さて今回は水曜午前大人クラスより釜井さんの作品をご紹介します。
サンフランシスコのゴールデンゲートブリッヂ(金門橋)にかかる霧の風景を描かれました。映画などでもよく見るこの橋ですが、夏など一瞬にして向こうが見えなくなるほど濃い霧がかかり、その光景がまた見事なのだそうです。

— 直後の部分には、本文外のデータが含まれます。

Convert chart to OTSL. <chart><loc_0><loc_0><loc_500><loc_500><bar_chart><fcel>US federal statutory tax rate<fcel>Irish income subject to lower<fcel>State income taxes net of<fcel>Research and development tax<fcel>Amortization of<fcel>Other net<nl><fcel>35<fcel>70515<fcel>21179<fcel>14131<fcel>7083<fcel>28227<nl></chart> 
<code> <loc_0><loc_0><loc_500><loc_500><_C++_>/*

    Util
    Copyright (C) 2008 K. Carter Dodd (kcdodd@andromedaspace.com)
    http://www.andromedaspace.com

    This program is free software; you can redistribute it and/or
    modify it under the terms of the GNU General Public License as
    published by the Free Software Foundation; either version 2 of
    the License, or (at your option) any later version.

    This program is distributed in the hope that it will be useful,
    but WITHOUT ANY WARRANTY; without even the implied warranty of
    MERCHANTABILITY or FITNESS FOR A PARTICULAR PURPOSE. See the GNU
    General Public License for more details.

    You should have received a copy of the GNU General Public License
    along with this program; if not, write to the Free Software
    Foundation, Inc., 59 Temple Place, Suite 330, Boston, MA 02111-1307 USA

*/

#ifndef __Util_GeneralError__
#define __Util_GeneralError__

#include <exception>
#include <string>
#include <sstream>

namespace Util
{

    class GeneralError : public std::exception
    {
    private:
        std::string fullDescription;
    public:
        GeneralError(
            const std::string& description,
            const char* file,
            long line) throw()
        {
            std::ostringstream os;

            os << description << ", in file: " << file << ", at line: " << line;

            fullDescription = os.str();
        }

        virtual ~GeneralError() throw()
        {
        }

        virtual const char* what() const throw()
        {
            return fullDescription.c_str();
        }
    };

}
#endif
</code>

今回のメインは橋にかかる『霧』。はじめは白一色で入れてその上から、パステル調のピンクや紫、黄色などをのせていきます。絵の具を置いては布で拭い取って…を繰り返し、かすかに向こうが透けて見えるなんとも美しい霧が完成しました。ほとんど絵具を取ってしまったのでは?というくらいに拭いとって、絵肌にうっすらと残る色を重ねることにより、ほのかな色味が柔らかさを感じさせます。布についた絵具も頬紅のようにトントンと柔らかく叩き込むようにして、筆では出ないタッチを作り出していきます。海の荒々しいタッチとの差も、サンフランシスコの強い風とそれにより運ばれてくる霧の勢いを感じさせますね。空の光を湛えたライム色も、第2の故郷と言うほどにその土地で暮らして空気を感じて過ごされた作者だからこそ描ける色ではないかと感じます。

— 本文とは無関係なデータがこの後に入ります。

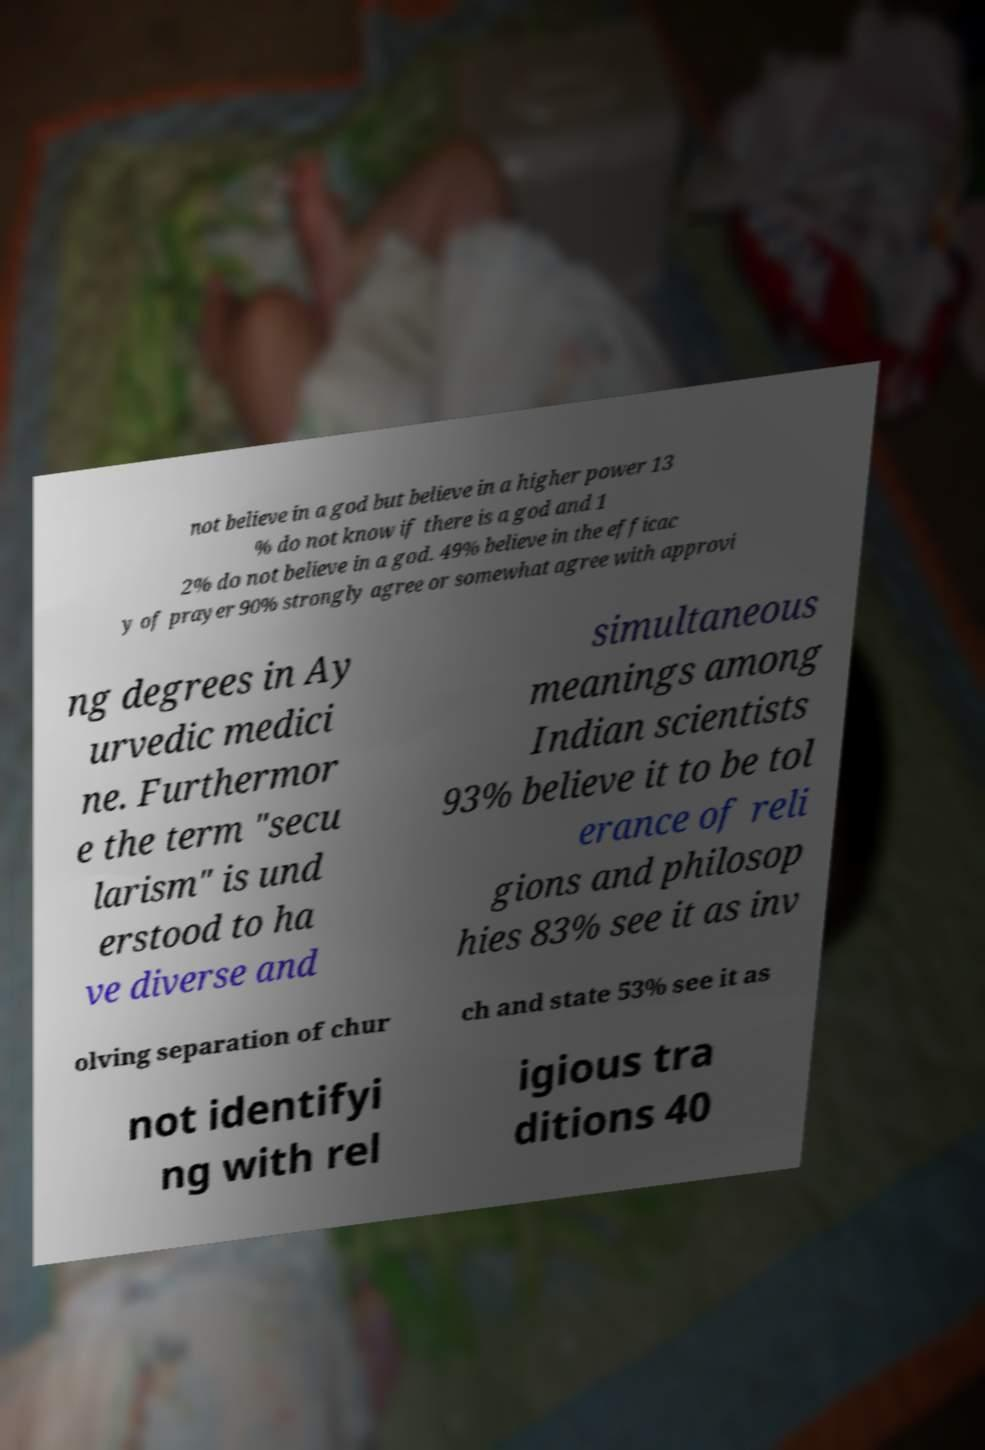Please identify and transcribe the text found in this image. not believe in a god but believe in a higher power 13 % do not know if there is a god and 1 2% do not believe in a god. 49% believe in the efficac y of prayer 90% strongly agree or somewhat agree with approvi ng degrees in Ay urvedic medici ne. Furthermor e the term "secu larism" is und erstood to ha ve diverse and simultaneous meanings among Indian scientists 93% believe it to be tol erance of reli gions and philosop hies 83% see it as inv olving separation of chur ch and state 53% see it as not identifyi ng with rel igious tra ditions 40

今回釜井さんは向こう岸の山並みなどの霧で見えなくなってしまう部分にもしっかりと手を入れて、絵としての力強さを確立させました。全体に大まかに色をのせたらすぐにでも霧にも手をつけたくなりますが、そこを抑えて金門橋を着実に描いていきます。鈍い赤の色が重さを感じさせる橋も、何度も赤を作り拘りました。見えないところだからと疎かにしてしまえば、中身を感じさせない絵になってしまいます。隠れてしまうところもしっかりと描くことにより説得力のある力強い作品になりました。美しく映える橋と柔らかい霧の流れは、お互いをより引き立てていますね。1枚ごとに新しい表現を着実にものにしていく釜井さん、次回も期待が高まります。
ちなみに…金門橋が出てくる映画なら、スティーブ・マックイーン主演のカーアクション映画『ブリット』が釜井さんオススメとのことですので、ぜひご覧になってみて下さい。こんな絶景、走り抜けてみたいものです!